Exercise. Only one stretch of the records below is wanted: the lines from the one holding "And the small box (986,734,1079,839)." through the one holding "And the small box (854,658,929,739).". Return it exactly, both ends included.

####################

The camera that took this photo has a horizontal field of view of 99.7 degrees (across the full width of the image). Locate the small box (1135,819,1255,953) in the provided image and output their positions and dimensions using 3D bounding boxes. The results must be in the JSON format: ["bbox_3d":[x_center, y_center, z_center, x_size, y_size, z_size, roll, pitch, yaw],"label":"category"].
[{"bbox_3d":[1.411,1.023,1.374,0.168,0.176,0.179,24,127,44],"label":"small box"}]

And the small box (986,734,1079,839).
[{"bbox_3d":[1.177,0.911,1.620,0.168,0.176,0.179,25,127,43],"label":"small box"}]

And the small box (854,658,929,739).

####################

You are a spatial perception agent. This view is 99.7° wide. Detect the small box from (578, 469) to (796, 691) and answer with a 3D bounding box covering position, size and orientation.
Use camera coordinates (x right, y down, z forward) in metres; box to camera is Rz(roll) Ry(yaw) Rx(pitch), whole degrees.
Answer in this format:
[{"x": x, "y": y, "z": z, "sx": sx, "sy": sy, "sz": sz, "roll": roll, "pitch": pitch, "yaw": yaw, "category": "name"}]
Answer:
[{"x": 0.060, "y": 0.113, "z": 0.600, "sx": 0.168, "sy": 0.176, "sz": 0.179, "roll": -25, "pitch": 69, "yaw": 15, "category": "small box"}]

####################

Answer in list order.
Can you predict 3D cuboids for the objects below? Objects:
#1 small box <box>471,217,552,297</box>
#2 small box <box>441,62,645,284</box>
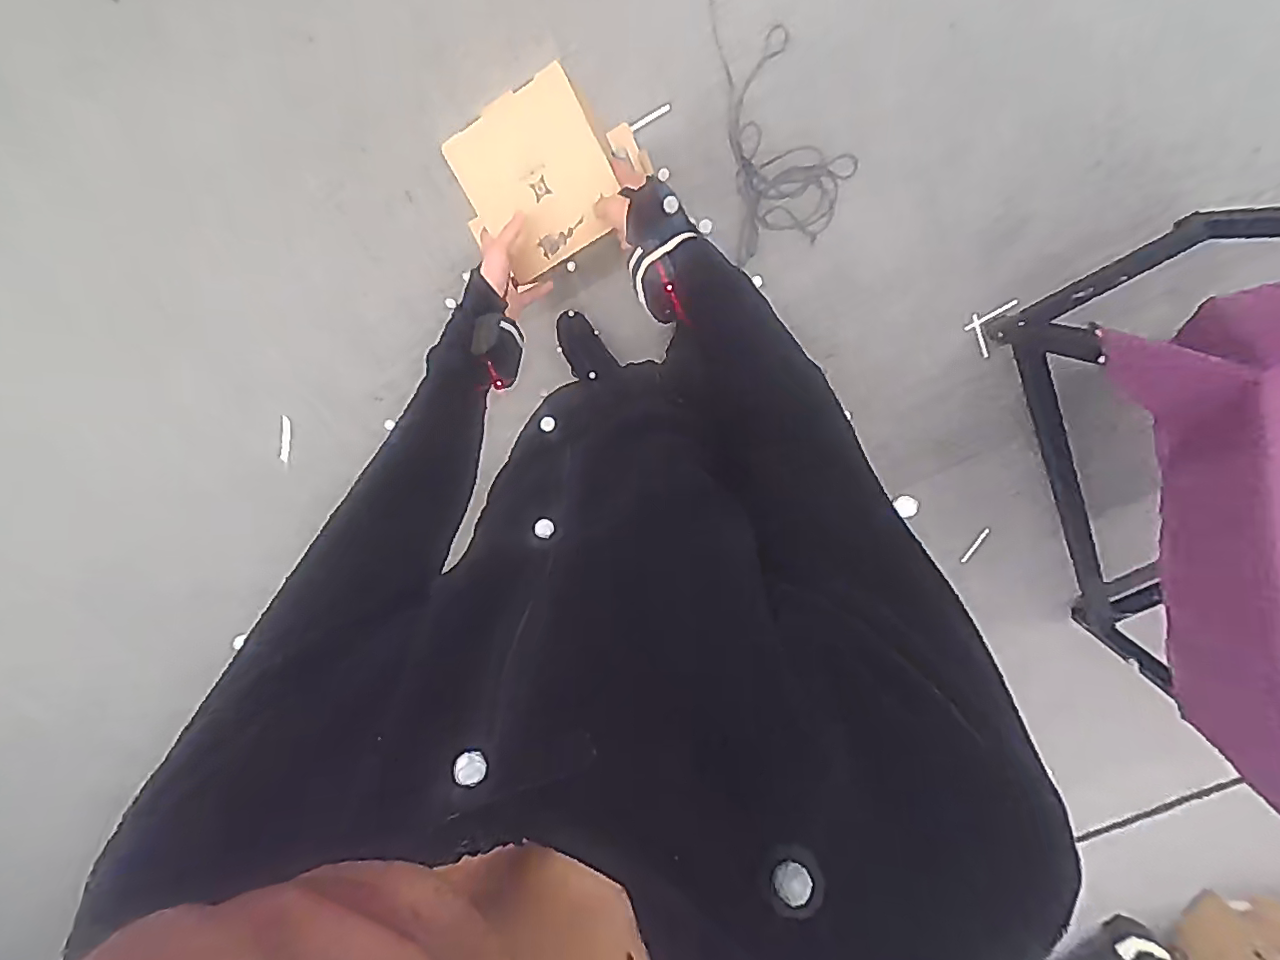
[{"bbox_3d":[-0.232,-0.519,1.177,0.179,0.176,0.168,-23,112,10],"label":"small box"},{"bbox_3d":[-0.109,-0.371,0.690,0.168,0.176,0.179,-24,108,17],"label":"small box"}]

####################

Solution to this task.
And the small box (986,734,1079,839).
[{"bbox_3d":[1.177,0.911,1.620,0.168,0.176,0.179,25,127,43],"label":"small box"}]

And the small box (854,658,929,739).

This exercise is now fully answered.